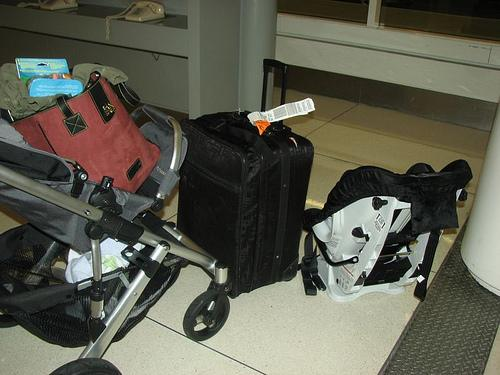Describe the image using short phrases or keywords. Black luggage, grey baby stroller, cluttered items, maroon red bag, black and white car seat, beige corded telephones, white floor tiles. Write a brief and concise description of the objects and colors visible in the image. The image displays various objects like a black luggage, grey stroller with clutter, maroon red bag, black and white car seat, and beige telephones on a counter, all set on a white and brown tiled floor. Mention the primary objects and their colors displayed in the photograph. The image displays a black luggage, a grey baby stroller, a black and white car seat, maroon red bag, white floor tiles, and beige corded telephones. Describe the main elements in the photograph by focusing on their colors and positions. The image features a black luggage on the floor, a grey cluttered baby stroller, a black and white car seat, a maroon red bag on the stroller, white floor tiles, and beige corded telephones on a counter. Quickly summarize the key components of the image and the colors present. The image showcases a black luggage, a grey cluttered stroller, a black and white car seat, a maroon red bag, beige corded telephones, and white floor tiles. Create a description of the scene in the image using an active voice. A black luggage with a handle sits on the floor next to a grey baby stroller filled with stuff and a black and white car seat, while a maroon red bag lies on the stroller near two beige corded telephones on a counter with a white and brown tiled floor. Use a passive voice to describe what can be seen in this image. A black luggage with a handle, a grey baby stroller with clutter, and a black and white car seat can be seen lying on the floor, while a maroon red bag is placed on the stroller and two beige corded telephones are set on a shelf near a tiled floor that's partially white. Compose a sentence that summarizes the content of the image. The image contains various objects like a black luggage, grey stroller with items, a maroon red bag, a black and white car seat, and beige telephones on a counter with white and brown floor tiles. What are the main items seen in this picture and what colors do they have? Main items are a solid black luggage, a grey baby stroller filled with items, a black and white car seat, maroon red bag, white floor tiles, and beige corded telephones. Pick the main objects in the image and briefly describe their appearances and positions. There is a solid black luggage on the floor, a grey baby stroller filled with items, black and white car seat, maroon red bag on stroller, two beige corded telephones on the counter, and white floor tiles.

---

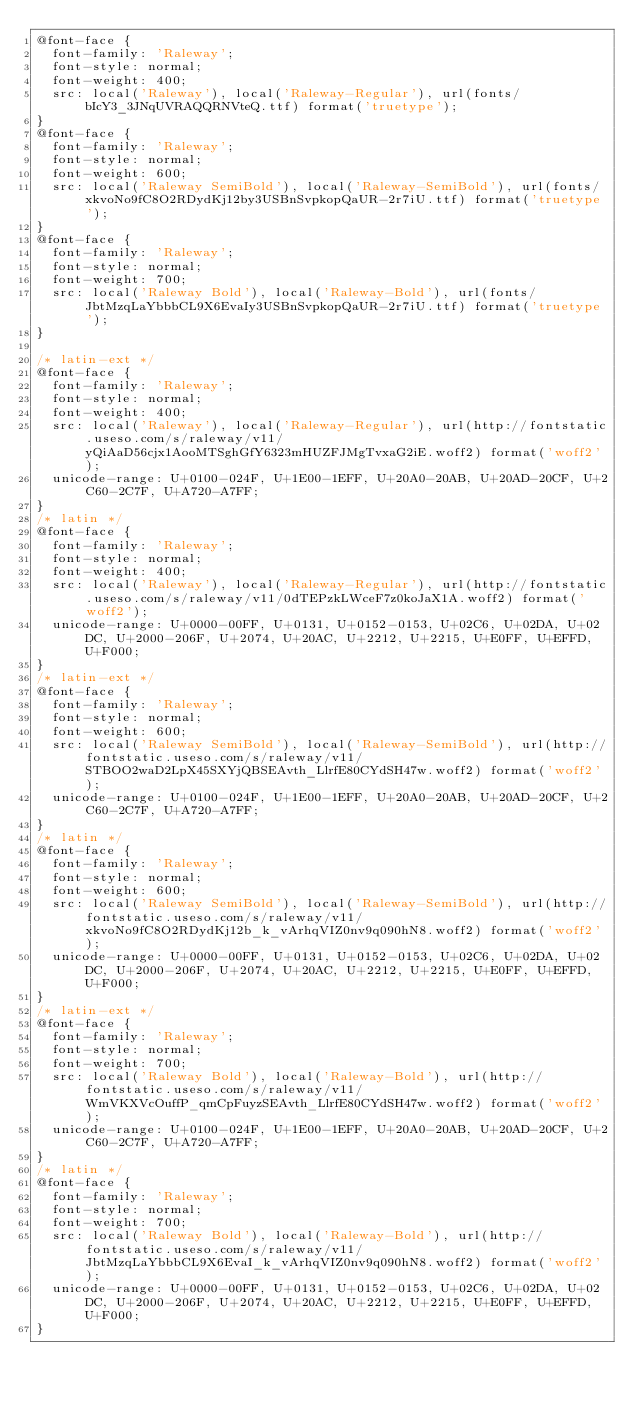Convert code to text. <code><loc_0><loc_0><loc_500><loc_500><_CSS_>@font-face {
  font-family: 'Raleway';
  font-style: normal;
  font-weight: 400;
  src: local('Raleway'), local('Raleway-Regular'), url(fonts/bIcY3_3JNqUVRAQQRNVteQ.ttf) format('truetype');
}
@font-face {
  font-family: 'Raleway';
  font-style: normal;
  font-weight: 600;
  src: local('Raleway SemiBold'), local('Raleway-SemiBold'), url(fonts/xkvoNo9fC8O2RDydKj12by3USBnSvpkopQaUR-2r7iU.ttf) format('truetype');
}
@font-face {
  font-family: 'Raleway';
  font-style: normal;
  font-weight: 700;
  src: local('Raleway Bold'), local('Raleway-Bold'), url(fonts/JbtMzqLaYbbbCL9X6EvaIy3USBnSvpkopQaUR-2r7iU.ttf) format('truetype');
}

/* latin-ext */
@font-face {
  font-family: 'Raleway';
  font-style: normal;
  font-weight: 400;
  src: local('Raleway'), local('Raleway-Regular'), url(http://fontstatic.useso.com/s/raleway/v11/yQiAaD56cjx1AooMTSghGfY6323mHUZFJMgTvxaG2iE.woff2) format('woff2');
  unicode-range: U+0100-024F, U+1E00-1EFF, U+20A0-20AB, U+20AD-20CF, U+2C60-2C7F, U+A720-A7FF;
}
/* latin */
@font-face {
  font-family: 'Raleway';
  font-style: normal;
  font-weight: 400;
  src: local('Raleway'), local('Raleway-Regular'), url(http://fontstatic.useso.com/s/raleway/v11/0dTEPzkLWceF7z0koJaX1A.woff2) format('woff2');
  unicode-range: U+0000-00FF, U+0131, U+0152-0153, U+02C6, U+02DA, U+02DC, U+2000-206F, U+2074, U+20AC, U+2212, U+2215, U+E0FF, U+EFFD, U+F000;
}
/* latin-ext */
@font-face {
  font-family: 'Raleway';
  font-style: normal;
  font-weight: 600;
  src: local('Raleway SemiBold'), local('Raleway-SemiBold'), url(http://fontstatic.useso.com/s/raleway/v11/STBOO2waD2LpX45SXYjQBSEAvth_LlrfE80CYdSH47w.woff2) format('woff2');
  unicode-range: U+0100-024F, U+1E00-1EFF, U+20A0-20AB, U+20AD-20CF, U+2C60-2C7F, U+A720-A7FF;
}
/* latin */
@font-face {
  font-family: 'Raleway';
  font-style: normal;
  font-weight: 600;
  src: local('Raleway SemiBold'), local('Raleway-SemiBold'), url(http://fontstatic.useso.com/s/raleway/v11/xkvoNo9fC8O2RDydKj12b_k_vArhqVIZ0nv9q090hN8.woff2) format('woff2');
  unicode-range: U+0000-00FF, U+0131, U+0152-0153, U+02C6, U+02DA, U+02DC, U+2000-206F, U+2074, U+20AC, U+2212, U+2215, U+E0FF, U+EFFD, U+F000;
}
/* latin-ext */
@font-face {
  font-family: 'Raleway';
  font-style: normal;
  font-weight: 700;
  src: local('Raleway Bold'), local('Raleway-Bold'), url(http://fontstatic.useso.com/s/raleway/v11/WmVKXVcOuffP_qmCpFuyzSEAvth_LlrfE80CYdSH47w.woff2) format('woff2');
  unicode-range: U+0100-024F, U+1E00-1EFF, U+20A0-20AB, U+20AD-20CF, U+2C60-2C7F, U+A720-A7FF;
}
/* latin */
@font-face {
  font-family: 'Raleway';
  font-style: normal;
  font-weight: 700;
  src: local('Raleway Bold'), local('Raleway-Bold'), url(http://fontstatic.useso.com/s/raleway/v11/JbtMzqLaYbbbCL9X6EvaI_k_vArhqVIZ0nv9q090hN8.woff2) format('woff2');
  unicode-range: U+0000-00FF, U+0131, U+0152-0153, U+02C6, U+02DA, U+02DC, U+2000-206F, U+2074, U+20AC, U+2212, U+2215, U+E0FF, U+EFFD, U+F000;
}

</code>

* * *

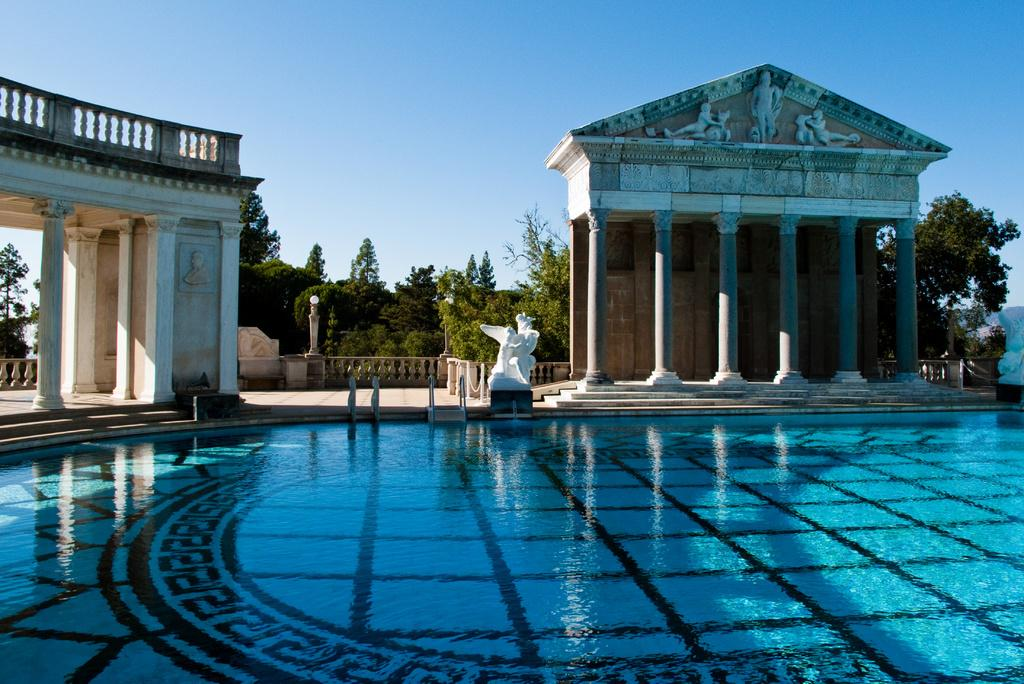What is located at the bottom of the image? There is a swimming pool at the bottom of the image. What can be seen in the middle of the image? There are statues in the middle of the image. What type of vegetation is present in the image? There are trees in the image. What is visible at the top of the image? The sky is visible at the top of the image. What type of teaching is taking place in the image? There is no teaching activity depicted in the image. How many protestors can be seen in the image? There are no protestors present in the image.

• [Task to carry out]
Line by line, check the data above for the word "SemiBold" and state how many lines contain it. Give only the number.

• [Response]
3